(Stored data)
┄┄┄┄┄┄
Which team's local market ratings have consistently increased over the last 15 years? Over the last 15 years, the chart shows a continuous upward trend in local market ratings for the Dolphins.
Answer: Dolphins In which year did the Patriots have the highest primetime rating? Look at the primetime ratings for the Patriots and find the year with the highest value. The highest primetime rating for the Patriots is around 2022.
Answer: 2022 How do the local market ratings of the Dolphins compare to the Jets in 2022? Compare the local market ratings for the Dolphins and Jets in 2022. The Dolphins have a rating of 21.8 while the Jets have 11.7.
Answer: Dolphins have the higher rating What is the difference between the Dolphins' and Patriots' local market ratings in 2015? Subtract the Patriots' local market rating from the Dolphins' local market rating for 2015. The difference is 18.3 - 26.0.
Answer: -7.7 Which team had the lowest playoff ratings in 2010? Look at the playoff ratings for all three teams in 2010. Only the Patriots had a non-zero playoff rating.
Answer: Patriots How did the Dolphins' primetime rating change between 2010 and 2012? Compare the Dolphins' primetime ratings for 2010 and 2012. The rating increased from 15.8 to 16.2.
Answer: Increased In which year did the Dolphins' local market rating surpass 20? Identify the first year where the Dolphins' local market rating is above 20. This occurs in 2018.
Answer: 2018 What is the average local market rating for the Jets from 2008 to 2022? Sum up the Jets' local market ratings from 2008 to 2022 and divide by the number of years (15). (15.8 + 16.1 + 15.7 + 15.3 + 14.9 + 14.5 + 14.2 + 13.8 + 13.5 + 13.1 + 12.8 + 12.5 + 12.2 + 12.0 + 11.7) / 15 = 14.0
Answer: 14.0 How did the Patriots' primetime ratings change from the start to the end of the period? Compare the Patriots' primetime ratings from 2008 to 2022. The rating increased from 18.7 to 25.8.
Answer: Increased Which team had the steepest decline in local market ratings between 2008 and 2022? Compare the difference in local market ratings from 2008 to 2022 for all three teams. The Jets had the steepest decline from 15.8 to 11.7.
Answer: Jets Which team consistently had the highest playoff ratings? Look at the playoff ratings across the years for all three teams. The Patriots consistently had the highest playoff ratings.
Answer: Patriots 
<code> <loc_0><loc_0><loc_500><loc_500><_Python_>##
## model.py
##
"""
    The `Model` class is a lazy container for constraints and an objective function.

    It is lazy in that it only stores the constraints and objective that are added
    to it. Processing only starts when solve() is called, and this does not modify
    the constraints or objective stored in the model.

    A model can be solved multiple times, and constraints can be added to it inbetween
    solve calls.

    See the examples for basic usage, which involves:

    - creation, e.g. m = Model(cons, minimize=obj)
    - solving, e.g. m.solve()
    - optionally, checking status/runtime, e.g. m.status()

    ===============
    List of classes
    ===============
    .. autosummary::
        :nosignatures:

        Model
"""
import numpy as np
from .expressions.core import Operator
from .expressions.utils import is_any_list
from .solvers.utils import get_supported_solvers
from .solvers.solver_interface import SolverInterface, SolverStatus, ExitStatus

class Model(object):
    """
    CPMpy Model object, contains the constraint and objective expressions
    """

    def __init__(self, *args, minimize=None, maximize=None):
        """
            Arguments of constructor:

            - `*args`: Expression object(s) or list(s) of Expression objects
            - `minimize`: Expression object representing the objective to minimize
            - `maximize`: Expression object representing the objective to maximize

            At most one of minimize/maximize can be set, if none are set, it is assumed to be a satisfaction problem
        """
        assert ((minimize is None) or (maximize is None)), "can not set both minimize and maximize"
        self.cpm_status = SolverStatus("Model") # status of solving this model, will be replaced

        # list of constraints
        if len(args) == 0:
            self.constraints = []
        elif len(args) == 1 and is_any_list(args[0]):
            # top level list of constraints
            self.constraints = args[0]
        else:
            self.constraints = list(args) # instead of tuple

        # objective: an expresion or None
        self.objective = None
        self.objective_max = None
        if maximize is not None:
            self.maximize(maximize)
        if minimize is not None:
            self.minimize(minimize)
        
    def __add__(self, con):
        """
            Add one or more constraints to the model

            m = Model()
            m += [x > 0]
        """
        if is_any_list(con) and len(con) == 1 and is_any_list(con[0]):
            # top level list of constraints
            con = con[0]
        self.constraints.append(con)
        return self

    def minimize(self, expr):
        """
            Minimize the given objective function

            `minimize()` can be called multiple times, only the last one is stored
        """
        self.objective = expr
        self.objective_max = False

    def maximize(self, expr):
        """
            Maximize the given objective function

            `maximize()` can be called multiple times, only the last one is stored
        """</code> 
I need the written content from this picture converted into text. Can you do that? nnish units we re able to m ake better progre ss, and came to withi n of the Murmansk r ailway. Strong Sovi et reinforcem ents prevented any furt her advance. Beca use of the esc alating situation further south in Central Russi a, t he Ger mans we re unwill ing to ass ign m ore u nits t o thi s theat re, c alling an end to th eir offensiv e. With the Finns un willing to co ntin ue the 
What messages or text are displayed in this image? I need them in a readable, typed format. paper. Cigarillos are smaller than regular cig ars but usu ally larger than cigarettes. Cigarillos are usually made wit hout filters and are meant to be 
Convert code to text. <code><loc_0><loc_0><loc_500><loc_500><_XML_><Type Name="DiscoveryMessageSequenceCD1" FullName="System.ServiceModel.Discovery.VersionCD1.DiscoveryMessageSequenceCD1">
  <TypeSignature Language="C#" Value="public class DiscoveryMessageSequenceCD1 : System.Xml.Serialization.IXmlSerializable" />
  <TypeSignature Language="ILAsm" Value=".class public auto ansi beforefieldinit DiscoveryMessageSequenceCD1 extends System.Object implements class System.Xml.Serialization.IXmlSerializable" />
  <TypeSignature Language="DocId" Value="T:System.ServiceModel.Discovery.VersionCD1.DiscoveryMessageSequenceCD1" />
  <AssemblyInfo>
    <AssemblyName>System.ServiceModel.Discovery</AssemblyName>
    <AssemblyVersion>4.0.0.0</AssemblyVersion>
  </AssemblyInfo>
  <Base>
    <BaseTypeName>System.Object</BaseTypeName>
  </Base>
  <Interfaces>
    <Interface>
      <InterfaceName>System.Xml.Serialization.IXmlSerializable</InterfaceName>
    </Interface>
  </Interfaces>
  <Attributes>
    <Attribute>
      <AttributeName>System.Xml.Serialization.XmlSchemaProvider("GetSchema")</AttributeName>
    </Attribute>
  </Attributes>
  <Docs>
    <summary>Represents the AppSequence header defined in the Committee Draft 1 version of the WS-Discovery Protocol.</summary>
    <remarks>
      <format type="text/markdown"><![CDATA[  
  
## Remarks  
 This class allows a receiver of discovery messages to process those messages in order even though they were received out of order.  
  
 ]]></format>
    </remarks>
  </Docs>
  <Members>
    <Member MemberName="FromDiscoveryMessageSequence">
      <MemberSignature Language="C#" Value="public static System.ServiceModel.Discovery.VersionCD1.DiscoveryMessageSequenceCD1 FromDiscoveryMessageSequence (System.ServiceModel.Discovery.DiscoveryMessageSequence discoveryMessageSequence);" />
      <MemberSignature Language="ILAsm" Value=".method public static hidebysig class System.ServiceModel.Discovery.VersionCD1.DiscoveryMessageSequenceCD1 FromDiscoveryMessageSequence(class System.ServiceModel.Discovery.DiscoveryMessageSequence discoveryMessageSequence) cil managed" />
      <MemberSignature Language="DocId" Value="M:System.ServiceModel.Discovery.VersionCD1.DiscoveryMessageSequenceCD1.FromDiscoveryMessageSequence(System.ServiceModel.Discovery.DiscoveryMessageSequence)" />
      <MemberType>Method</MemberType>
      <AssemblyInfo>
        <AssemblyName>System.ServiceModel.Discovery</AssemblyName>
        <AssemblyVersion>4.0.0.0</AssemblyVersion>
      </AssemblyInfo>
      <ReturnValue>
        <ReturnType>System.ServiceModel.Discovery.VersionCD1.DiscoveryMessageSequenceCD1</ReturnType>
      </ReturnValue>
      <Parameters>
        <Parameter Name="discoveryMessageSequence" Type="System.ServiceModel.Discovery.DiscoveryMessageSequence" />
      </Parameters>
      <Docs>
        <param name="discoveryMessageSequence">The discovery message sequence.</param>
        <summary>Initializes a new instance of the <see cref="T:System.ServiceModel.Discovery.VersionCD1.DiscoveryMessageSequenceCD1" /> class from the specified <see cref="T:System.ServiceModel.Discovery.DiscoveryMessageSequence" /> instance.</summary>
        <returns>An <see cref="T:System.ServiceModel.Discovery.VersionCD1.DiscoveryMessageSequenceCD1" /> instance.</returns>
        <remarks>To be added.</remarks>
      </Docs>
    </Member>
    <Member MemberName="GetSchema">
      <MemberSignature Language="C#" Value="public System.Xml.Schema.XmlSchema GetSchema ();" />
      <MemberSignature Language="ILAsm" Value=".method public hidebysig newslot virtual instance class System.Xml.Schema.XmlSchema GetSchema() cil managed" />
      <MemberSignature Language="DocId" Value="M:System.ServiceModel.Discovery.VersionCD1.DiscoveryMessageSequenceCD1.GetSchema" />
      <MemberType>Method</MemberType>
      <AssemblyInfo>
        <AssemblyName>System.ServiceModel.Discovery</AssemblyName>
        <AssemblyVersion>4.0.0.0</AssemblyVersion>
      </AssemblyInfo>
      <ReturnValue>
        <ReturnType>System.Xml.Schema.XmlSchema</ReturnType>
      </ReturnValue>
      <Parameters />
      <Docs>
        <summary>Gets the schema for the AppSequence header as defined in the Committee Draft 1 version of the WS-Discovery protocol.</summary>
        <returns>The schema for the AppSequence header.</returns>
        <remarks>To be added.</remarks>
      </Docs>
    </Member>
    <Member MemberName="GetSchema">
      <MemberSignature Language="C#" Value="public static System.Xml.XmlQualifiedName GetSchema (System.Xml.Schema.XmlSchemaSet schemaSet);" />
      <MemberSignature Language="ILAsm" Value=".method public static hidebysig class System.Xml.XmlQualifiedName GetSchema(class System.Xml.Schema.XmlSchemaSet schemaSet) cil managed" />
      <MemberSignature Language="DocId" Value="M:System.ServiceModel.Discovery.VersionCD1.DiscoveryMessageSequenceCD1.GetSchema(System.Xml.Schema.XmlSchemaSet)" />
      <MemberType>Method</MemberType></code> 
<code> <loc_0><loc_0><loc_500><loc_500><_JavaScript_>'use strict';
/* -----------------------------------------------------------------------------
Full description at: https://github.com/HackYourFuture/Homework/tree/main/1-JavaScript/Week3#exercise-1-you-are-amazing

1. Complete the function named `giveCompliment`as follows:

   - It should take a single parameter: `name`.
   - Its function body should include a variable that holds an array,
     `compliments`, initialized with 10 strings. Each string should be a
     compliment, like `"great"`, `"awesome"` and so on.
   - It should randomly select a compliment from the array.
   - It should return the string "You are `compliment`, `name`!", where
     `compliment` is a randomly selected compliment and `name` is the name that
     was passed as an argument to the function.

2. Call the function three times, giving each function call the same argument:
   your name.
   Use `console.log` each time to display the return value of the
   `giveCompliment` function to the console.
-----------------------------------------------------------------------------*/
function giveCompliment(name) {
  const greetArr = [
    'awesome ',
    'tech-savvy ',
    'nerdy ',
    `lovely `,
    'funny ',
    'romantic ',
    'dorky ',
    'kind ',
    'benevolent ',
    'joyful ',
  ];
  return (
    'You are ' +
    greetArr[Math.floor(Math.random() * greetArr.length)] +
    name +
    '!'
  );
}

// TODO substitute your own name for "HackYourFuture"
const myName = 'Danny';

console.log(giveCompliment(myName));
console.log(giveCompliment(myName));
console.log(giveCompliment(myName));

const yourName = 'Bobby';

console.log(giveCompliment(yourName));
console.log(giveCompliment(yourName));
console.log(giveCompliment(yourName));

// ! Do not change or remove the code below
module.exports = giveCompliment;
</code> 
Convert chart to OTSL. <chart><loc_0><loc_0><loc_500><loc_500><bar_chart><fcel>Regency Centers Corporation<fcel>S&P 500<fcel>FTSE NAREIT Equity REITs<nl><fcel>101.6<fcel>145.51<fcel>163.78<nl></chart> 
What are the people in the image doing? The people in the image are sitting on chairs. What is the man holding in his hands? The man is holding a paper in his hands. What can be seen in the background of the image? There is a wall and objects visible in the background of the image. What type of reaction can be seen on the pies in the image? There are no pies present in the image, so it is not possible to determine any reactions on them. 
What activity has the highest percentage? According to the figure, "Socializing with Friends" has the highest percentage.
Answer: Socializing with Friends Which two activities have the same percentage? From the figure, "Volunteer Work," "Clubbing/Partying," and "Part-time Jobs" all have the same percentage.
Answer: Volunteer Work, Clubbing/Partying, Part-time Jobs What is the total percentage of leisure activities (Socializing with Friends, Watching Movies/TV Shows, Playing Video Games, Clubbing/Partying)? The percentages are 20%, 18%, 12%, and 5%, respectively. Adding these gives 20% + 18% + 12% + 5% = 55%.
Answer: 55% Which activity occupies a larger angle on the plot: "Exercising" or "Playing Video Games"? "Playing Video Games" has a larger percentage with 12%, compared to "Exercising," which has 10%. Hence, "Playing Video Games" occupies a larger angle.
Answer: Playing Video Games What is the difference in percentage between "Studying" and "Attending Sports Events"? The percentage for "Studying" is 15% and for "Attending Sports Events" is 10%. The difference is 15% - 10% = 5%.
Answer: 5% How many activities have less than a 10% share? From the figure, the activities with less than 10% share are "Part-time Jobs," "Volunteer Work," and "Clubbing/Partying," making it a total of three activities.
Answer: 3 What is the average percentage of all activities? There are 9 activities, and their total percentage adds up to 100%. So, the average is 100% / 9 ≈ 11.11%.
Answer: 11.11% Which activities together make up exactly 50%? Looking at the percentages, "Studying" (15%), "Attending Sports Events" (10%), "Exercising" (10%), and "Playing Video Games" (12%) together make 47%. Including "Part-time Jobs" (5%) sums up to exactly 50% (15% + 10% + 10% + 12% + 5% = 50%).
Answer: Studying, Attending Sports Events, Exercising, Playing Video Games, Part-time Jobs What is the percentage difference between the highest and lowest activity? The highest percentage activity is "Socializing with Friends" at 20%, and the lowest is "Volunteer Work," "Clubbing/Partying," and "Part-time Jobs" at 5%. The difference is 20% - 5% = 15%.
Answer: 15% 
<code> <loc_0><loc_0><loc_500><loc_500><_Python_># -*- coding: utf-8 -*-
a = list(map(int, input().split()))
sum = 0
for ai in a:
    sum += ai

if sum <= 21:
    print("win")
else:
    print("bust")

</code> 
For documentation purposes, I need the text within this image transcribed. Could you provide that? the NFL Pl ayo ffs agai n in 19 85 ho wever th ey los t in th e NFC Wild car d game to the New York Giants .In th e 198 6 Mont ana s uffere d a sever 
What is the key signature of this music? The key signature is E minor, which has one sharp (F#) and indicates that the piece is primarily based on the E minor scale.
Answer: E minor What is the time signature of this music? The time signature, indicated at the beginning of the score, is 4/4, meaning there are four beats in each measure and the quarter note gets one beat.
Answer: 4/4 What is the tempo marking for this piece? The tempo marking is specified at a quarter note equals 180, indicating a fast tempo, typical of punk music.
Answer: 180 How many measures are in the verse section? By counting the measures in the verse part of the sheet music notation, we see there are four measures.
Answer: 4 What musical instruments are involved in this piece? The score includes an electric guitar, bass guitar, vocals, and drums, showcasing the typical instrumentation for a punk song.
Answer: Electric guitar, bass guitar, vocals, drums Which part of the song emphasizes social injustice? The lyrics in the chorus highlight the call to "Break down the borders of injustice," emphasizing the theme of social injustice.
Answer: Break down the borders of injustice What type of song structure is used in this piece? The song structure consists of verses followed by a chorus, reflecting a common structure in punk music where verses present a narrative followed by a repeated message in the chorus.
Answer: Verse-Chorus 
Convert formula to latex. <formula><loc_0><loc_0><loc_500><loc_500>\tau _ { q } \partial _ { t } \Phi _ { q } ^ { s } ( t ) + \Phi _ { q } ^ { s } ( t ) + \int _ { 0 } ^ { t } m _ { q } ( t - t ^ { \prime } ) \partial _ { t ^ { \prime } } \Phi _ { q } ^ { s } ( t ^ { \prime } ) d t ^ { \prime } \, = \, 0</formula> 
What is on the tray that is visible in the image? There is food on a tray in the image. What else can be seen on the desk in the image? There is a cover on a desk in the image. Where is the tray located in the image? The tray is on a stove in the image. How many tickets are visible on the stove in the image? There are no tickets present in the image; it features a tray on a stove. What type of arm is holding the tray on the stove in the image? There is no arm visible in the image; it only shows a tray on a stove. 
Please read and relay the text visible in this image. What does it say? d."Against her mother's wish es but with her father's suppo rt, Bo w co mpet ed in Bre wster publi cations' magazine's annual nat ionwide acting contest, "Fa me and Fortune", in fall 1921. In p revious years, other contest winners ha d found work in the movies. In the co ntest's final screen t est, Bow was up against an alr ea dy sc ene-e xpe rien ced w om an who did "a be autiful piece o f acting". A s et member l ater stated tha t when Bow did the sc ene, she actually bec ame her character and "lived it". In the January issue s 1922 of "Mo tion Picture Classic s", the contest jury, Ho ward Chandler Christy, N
┄┄┄┄┄┄
TASK BRIEF: Using the data above, reproduce exactly the lines between those holding "<summary>Initializes a new" and "public hidebysig newslot", inclusive, and no others.

WRITTEN REPLY:
        <summary>Initializes a new instance of the <see cref="T:System.ServiceModel.Discovery.VersionCD1.DiscoveryMessageSequenceCD1" /> class from the specified <see cref="T:System.ServiceModel.Discovery.DiscoveryMessageSequence" /> instance.</summary>
        <returns>An <see cref="T:System.ServiceModel.Discovery.VersionCD1.DiscoveryMessageSequenceCD1" /> instance.</returns>
        <remarks>To be added.</remarks>
      </Docs>
    </Member>
    <Member MemberName="GetSchema">
      <MemberSignature Language="C#" Value="public System.Xml.Schema.XmlSchema GetSchema ();" />
      <MemberSignature Language="ILAsm" Value=".method public hidebysig newslot virtual instance class System.Xml.Schema.XmlSchema GetSchema() cil managed" />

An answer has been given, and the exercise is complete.